> **Problem to work on**: Below are entries; work out how many of their lines hold "values", giving only that number.

(Data records)
──────────────────────────────

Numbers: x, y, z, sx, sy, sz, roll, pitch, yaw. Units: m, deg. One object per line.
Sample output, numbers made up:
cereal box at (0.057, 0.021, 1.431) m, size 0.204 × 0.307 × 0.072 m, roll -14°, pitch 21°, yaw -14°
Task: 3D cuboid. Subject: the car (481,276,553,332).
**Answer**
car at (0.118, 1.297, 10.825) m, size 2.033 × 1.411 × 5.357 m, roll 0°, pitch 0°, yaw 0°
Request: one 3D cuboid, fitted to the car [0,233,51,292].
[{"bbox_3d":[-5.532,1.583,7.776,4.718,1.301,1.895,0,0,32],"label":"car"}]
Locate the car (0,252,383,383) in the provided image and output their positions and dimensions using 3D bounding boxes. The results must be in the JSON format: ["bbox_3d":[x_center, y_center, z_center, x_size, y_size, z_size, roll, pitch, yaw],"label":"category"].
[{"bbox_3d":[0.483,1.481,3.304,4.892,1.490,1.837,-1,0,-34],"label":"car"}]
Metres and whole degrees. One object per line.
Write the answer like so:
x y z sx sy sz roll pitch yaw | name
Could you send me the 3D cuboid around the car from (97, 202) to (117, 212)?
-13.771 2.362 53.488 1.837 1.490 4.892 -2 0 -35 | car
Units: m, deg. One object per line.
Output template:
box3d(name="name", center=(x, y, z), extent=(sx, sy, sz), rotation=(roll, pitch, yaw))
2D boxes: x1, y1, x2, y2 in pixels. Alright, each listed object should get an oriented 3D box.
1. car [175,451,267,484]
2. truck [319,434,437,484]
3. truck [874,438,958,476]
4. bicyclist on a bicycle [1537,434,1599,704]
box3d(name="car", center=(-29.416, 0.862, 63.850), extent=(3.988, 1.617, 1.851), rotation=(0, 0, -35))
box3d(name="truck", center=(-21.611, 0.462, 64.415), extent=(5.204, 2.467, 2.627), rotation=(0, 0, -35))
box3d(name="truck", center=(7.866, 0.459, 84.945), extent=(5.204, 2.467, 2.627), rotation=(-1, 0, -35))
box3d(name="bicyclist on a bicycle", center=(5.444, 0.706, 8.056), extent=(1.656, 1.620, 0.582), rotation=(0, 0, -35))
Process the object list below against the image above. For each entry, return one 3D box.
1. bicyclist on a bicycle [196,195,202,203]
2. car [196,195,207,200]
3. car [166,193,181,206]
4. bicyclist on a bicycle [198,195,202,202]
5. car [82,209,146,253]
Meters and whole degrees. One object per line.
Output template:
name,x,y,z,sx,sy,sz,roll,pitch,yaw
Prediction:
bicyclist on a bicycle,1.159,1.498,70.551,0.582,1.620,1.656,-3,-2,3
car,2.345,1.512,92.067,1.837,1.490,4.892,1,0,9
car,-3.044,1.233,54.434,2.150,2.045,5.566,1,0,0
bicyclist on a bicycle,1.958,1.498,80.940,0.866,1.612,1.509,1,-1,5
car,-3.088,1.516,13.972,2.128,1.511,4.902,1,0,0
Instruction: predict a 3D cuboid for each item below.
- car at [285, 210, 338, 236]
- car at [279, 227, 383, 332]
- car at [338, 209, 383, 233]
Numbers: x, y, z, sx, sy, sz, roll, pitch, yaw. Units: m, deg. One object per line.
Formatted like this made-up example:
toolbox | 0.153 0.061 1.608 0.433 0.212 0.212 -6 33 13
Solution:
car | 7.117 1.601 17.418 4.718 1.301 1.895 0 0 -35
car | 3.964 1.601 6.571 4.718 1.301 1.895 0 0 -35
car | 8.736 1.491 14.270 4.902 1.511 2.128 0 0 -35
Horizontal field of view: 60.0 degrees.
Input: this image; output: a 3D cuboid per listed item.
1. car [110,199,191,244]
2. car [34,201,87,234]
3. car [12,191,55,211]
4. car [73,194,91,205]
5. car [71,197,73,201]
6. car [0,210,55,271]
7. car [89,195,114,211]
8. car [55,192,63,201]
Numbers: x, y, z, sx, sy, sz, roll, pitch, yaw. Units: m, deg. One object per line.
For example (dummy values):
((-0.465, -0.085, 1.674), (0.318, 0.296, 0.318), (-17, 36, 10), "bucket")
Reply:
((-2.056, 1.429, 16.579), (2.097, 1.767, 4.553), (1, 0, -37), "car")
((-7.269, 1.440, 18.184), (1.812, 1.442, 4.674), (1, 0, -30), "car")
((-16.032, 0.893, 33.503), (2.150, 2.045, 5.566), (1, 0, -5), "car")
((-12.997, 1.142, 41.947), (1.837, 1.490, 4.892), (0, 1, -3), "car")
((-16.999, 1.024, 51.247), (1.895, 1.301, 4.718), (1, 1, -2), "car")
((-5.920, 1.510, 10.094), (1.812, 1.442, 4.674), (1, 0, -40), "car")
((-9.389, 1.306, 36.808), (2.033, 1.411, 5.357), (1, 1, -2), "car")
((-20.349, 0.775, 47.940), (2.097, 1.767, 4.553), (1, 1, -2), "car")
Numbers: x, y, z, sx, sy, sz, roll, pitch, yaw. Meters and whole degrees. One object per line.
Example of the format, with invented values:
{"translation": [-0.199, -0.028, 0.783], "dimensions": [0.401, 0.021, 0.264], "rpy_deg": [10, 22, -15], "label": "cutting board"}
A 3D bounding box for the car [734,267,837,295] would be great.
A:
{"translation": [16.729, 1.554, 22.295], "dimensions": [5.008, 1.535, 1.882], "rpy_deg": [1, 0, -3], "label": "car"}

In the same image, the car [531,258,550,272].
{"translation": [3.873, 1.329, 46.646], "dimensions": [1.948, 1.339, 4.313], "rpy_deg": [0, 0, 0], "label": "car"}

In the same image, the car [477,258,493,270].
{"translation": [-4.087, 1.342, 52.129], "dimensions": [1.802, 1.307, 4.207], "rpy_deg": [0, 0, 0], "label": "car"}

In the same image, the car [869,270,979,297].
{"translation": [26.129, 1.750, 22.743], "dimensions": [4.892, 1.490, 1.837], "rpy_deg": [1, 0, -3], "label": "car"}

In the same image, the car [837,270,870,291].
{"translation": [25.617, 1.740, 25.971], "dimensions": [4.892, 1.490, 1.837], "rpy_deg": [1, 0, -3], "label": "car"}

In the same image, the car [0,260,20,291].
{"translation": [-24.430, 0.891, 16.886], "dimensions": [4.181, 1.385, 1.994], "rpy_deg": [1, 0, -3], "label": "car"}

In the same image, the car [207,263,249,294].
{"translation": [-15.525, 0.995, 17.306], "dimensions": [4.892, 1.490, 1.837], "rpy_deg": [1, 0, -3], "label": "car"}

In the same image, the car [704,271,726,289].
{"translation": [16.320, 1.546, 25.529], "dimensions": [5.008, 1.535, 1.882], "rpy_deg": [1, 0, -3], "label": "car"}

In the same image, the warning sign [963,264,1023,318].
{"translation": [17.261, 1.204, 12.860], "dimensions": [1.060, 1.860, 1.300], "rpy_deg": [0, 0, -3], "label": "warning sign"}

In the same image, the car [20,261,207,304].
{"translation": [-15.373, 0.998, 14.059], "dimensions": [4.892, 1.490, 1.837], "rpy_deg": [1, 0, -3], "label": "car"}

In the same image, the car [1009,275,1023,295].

──────────────────────────────

> **Solution to this exercise**: 2